She stands on the narrow balcony of her suite peering down at the soft sparkle of lights a couple of hundred metres below. That's what Bruce's view of life must have been, for years; from his Gotham penthouse and from countless city rooftops. He is probably fast asleep now; he took his leave from the three of them shortly after 10 pm, yawning and quoting his 6 am wake-up call that morning, when they kept their Mitchum watch, as the reason for calling it an early night, besides the obvious reason of needing to get all the rest he can get before the day ahead. If only she had his ability to instantly fall asleep. With the adrenaline dancing under her skin like electric current, she'll be lucky if she gets to snooze for a couple of hours.
It would have been so much easier if it were her walking into that meeting tomorrow.
But his damned flawless logic left no space for argument.
Naturally, their first reactions to his idea went more or less along the lines of you're fucking nuts. Even Jamie, a relative stranger, asked him cautiously if he was sure he wanted to blow his cover, and pointed out that Newell's most likely tactic if anything went wrong, or seemed to be going wrong, would be to take him hostage… to which Bruce replied lightly that he knows a thing or two about fighting from having spent months at a ninja retreat in his youth. And went on to calmly talk them through the logic behind his idea, starting from Theo's argument that catching Newell at the time of the transaction was their only sure bet, to the point that it could only be guaranteed if the highest bidder was one of them, and the only one of them who was plausible as a last-minute buyer was he, with a face and a name Newell was sure to recognise and a Swiss numbered account to back up his claim; his motive for buying the database being, in an ingenious blend of reality and invention, a desire to keep the CIA at bay following their discovery of his survival by flipping around their blackmail attempt into a promise of mutually assured destruction.

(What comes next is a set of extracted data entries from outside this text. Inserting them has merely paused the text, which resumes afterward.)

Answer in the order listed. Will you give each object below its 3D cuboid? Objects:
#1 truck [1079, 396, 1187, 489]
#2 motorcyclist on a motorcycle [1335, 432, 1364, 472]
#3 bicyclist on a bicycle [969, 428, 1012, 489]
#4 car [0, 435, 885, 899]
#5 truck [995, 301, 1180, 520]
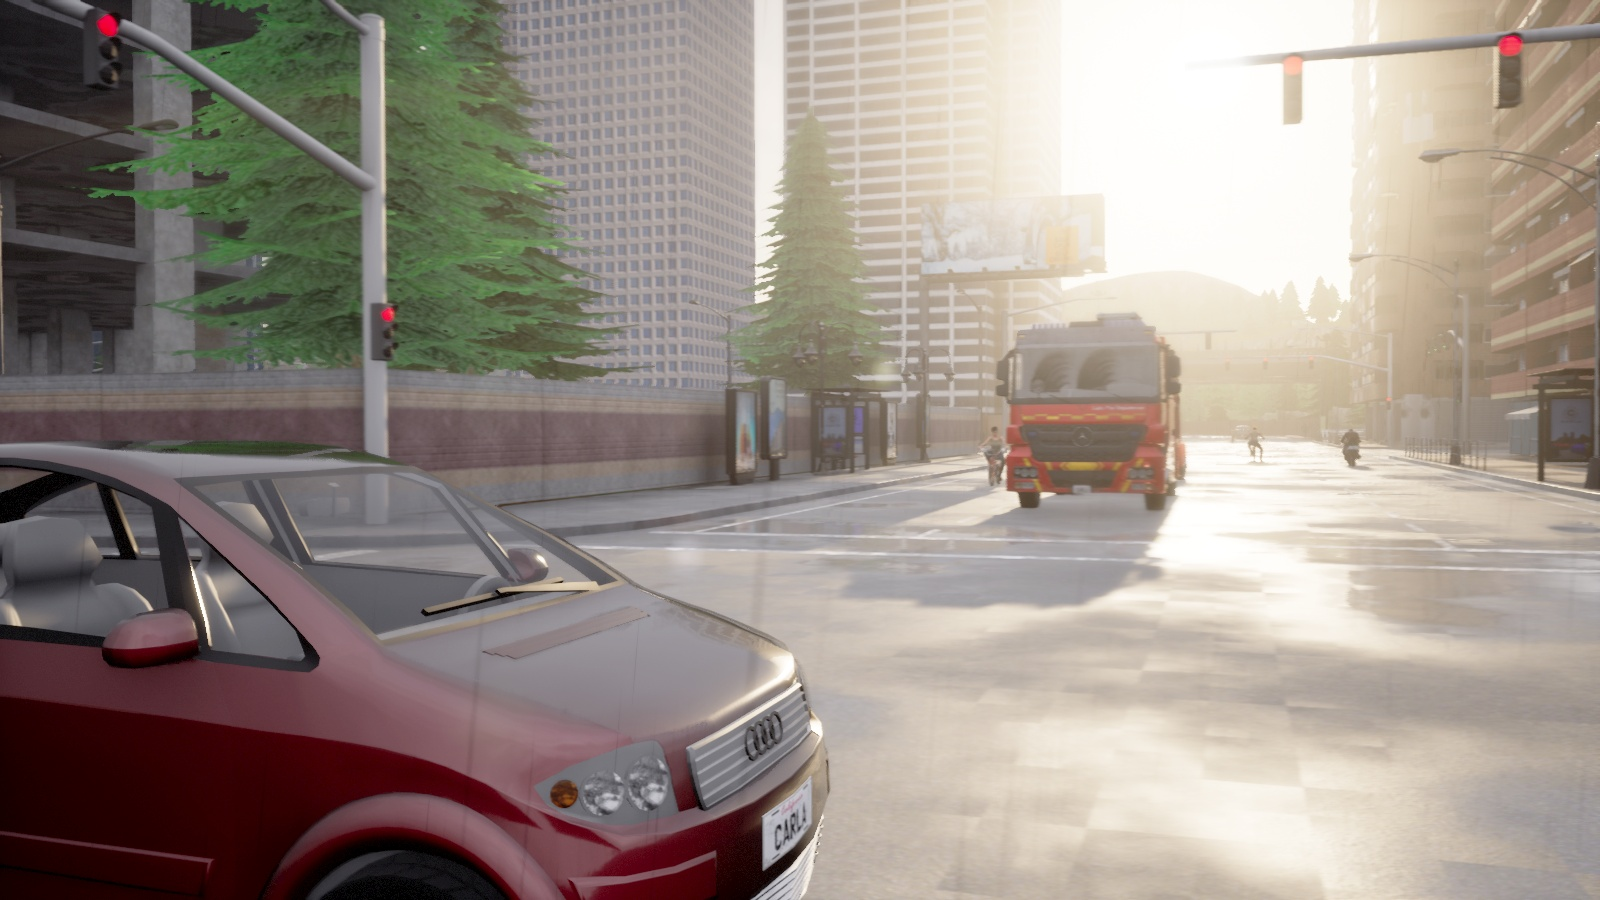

All reasonable, and none of it any help to her now, when she is standing here wondering if he will be standing next to her on this balcony tomorrow night; or crouching, bound, drugged, and beaten, in some dark shithole; or lying in a hospital bed; or stretched out on a steel slab with a sheet over him. He says he will just buy the damn thing and leave it to the MI6, or to the Singapore police SWAT team, to get Newell afterwards; but what if something, or everything, goes wrong? What if Newell has armed backup; what if he has a reason to shoot at Bruce from a distance where he cannot be easily disabled? Or if, on learning that he is dealing with a rich loner rather than a terrorist organisation, he decides to keep both the money and the Matrix and brings along a syringe of pure heroin, and it takes too long for medical help to arrive? Twice she has seen Bruce go to his death, and continued in the belief that she had outlived him; and twice he came back… but there is no guarantee that his luck will last forever, and the prospect of outliving him a third time for real freezes her blood with icy dread. Somehow, when it was larger-than-life villains and momentous battles, the sense of danger was not as unshakable, as insidious; maybe it was the fact that he inhabited a superhuman persona, or maybe it is the closeness that magnifies the fear of loss, the simple fact that she did not know him and love him as much as she does now.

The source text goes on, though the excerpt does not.